-------- RECORD SET --------

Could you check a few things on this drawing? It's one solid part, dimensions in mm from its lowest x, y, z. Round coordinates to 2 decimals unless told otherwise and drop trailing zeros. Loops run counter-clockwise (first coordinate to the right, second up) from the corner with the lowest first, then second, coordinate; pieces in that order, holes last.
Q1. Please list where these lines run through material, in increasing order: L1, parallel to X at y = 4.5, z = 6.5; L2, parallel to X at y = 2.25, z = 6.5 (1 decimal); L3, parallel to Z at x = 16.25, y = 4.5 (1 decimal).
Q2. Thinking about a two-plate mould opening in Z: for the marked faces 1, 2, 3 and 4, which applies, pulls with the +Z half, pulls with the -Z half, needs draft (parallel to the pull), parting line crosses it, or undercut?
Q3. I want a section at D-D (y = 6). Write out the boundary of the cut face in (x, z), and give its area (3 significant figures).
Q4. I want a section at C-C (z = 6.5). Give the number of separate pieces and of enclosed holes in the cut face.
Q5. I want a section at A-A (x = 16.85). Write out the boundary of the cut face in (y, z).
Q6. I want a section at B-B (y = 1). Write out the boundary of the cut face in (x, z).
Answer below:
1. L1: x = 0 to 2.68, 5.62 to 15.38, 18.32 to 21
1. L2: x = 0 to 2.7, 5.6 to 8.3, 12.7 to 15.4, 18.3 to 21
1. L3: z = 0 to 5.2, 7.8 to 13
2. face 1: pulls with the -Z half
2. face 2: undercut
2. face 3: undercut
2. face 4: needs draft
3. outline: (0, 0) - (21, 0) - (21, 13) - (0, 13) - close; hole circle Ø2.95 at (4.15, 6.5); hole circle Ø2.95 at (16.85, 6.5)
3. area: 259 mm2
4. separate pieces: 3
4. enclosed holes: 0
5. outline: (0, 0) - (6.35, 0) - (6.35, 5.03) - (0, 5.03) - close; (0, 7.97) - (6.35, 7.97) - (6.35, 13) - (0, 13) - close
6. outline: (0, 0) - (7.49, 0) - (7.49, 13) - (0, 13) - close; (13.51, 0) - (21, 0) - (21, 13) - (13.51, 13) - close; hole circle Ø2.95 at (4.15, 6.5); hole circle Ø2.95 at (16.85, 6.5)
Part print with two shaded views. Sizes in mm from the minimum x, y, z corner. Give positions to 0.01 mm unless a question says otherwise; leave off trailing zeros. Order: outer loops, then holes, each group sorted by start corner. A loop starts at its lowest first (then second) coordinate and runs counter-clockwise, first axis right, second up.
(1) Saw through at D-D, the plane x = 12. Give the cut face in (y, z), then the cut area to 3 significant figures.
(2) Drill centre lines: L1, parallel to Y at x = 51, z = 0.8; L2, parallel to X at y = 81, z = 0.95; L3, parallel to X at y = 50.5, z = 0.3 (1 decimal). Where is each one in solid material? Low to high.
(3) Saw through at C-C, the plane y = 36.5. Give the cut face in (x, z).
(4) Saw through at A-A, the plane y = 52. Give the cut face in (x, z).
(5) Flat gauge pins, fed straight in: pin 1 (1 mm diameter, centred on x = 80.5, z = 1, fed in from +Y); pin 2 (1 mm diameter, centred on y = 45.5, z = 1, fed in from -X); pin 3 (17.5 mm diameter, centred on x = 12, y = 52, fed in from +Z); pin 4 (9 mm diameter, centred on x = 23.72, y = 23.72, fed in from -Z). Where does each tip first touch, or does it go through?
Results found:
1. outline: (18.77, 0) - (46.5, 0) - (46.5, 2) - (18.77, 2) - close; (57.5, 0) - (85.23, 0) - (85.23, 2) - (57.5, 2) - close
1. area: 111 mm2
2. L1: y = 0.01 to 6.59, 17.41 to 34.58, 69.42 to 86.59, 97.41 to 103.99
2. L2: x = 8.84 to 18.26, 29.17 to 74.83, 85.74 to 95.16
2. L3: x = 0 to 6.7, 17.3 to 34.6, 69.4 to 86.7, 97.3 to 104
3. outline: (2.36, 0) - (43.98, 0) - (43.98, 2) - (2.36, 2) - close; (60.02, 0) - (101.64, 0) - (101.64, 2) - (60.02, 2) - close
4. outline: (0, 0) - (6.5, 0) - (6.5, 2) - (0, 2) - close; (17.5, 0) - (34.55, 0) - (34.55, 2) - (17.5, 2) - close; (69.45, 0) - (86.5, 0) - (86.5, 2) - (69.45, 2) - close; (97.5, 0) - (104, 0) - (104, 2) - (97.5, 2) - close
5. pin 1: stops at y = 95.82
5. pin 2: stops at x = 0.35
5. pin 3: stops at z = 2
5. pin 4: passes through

--------

## WORK TO COMPLETE
Answer with a number only. How many lines in the records include the word "needs"?

## SOLUTION
2